Waco Brothers, Wacoworld (Bloodshot)
Curtis Ross
* 03/26/99
The Tampa Tribune
(Copyright 1999)
The biggest favor you could ever do a Waco Brothers CD is never to
see them live. In person, the Wacos come on like six banditos
trapped in the bunker with nothing to lose. They're surrounded and
they've got nothing left to do but spend all the ammo and leave as
many casualties as possible. Even if they ever make their own "Exile
on Main Street" or "Grievous Angel," they'll never capture that on a
5-inch silver platter.
So for recording purposes, the Wacos show they can do other
things: buoyant pop ("Day of the Dead"), steel guitar-drenched
weepers ("Hello to Everybody") and nasty, left-leaning social
commentary disguised as working man's blues ("Pigsville").
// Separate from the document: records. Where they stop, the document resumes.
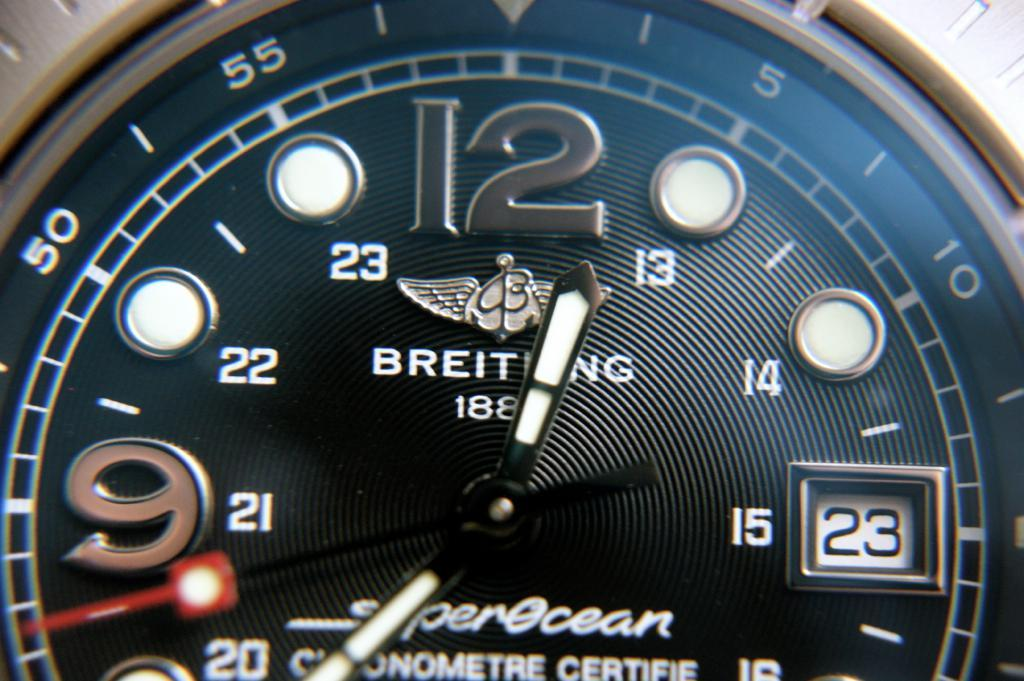<image>
Write a terse but informative summary of the picture. Fancy watch from the company Breiting showing the time. 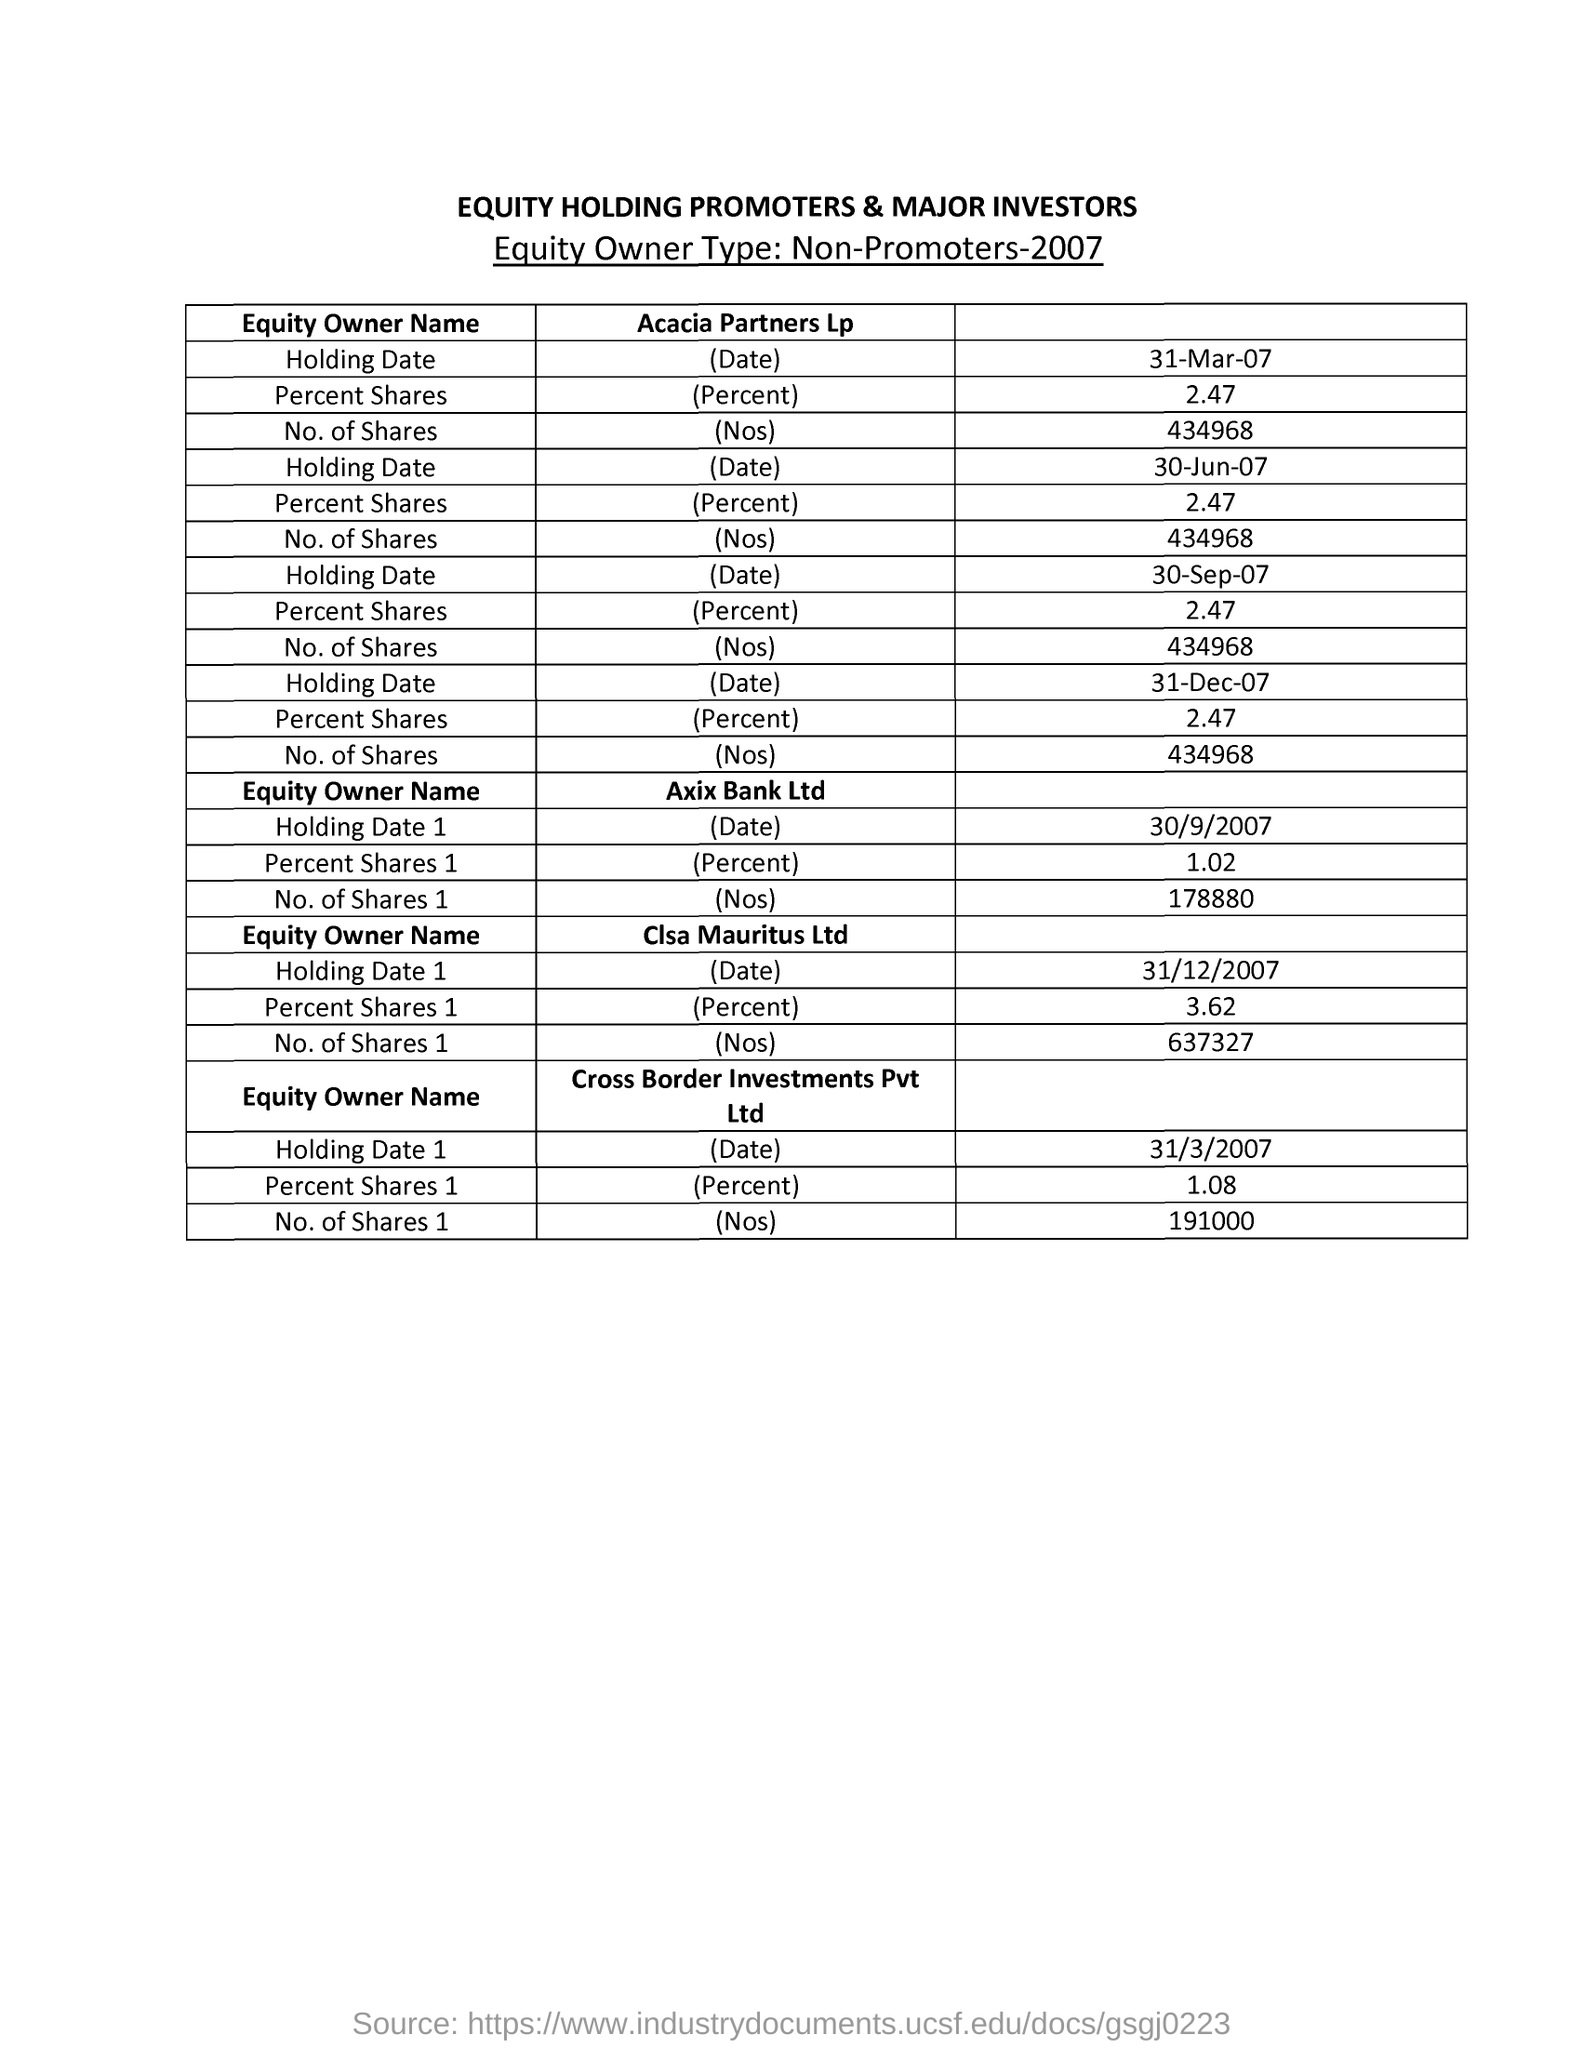How many percent shares did Clsa Mauritus Ltd have?
Your response must be concise. 3.62. How many number of shares did Axis Bank Ltd have ?
Your response must be concise. 178880. What is the holding date of the axis bank ltd ?
Offer a terse response. 30/9/2007. 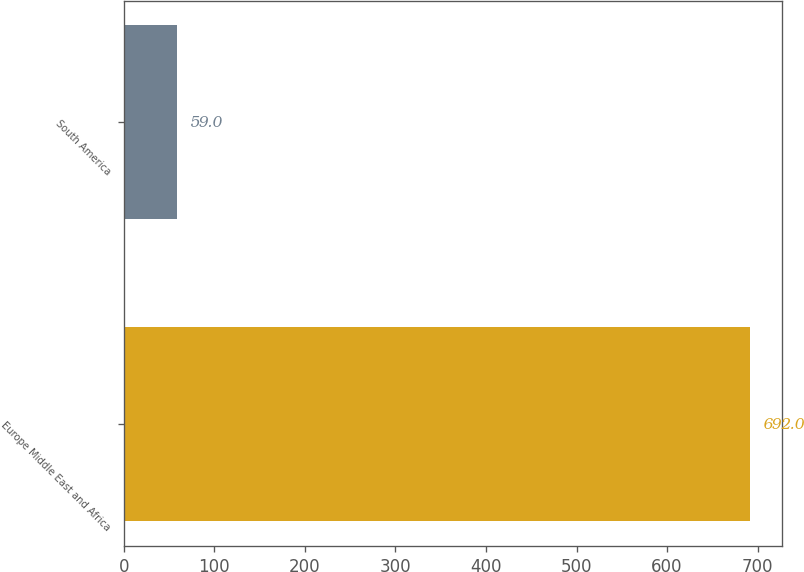<chart> <loc_0><loc_0><loc_500><loc_500><bar_chart><fcel>Europe Middle East and Africa<fcel>South America<nl><fcel>692<fcel>59<nl></chart> 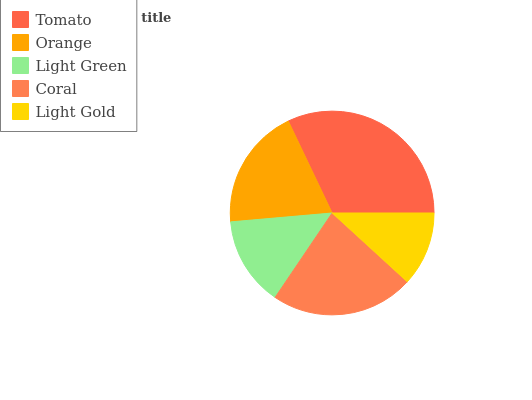Is Light Gold the minimum?
Answer yes or no. Yes. Is Tomato the maximum?
Answer yes or no. Yes. Is Orange the minimum?
Answer yes or no. No. Is Orange the maximum?
Answer yes or no. No. Is Tomato greater than Orange?
Answer yes or no. Yes. Is Orange less than Tomato?
Answer yes or no. Yes. Is Orange greater than Tomato?
Answer yes or no. No. Is Tomato less than Orange?
Answer yes or no. No. Is Orange the high median?
Answer yes or no. Yes. Is Orange the low median?
Answer yes or no. Yes. Is Light Green the high median?
Answer yes or no. No. Is Light Gold the low median?
Answer yes or no. No. 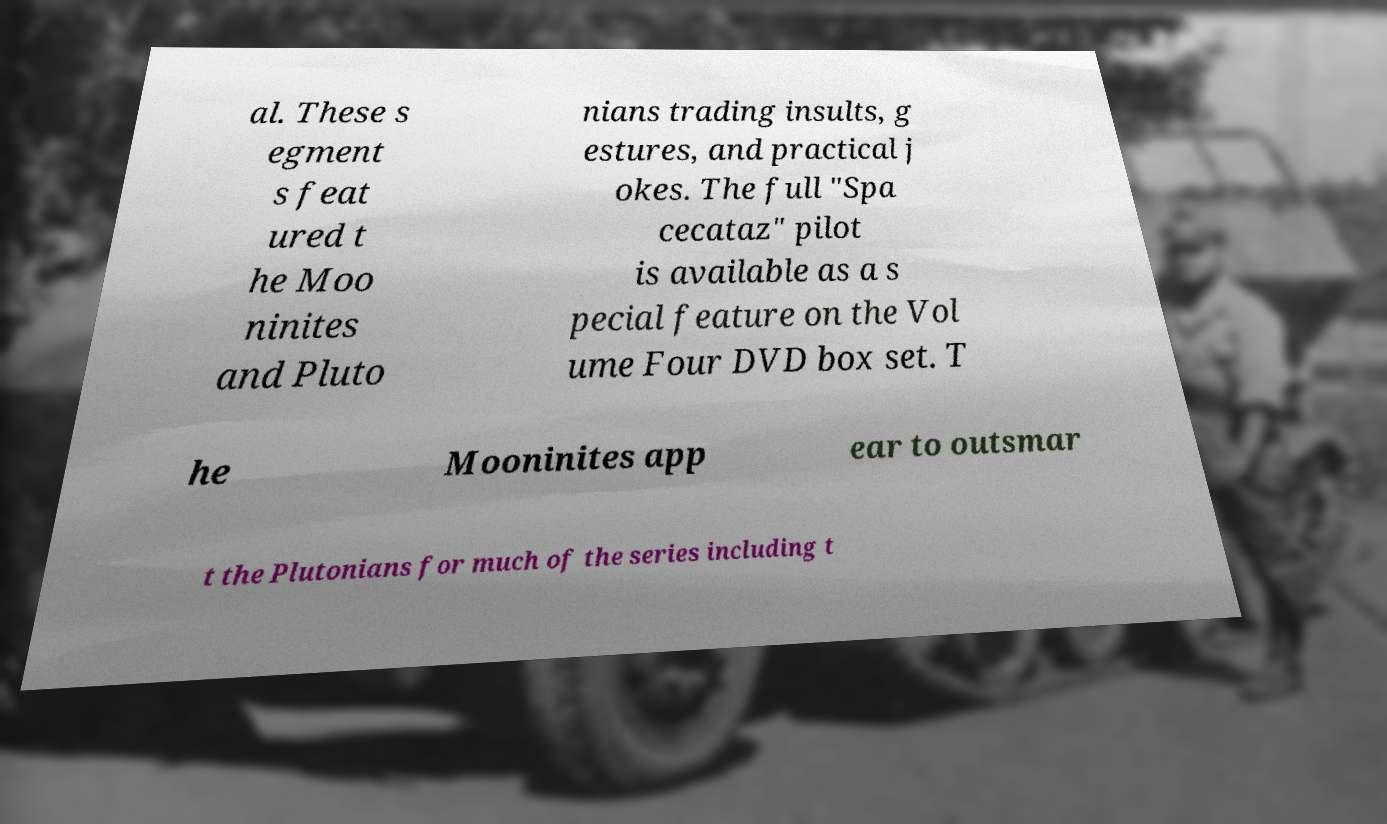I need the written content from this picture converted into text. Can you do that? al. These s egment s feat ured t he Moo ninites and Pluto nians trading insults, g estures, and practical j okes. The full "Spa cecataz" pilot is available as a s pecial feature on the Vol ume Four DVD box set. T he Mooninites app ear to outsmar t the Plutonians for much of the series including t 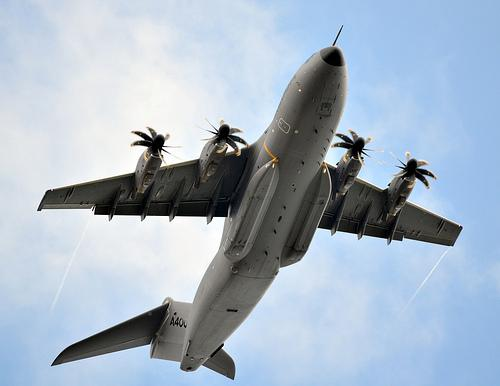Describe the core subject in the image and any visible actions taking place. A Hercules military plane is the core subject, seen flying with its propellers in motion and emitting a jet stream. Briefly explain the main object in the picture and what is happening. The main object is a Hercules military plane in the air, with its propellers spinning and jet stream present. What is the dominant subject in the image and what action is happening? The dominant subject is a military plane in flight, with its propellers spinning and jet stream visible. Mention the primary focus of the image and its most important features. The image is focused on a Hercules military plane, showcasing its four prop engines, wings, and rudders. In short, describe the primary subject of the image and its distinct features. The image displays a flying military Hercules plane, equipped with four prop engines, wings, and a unique orange stripe. State the key subject in the image and any significant actions occurring. The key subject is a military Hercules plane, flying with its propellers turning and jet stream visible. Provide a brief description of the central object in the image. A military plane called Hercules is flying in the sky with four propellers spinning on its wings. Identify the main object in the image and describe its key attributes. The main object is an airborne Hercules military plane, characterized by its four prop engines, wings, and orange highlights. Tell what the main focus of the image is and what key event is taking place. The main focus is a flying Hercules military plane, with its propellers in motion and a visible jet stream. Describe the prominent object in the image and any notable activities happening. A military Hercules plane is prominently featured, flying with its propellers rotating and a jet stream showing. 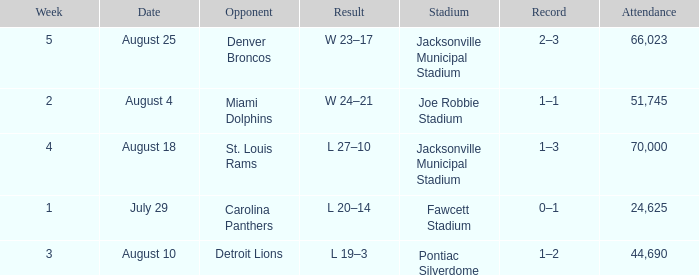WHEN has a Opponent of miami dolphins? August 4. 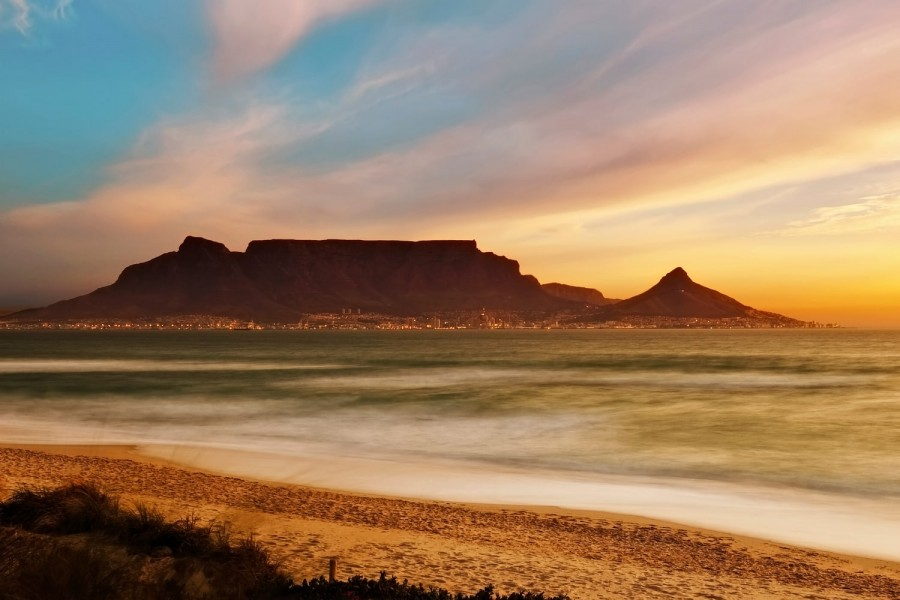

The eclecticism reflects this band's
* bizarre-for-even-alternative-country pedigree. Jon Langford is one
of the Mekons, who were pillaging country's roots a decade and a half
ago. But the respective outfits of Mark Durante (KMFDM?!) and Alan
Doughty (Jesus Jones?!) would seem to have little connection to the
Kentucky hills of Hank Williams.
It may be that outsider status that lets the Wacos take chances
* with country music that the crop of bimbos and bimbettes being
churned out by Nashville wouldn't dare, much less think of in the
first place. Hence the surf's-up guitar of "Good for Me" and the
sentiments of the same (I know what's good for me / But sometimes
it's good / To do all the other things).
The Clash-meets-Johnny Cash analogy has been overused to describe
this band (and probably ignores the fact that Cash got wilder and
crazier than the Clash ever did). But it gives a hint of what the
Brothers are capable of. Pray they visit Florida soon, and play
"Wacoworld" real loud in the meantime.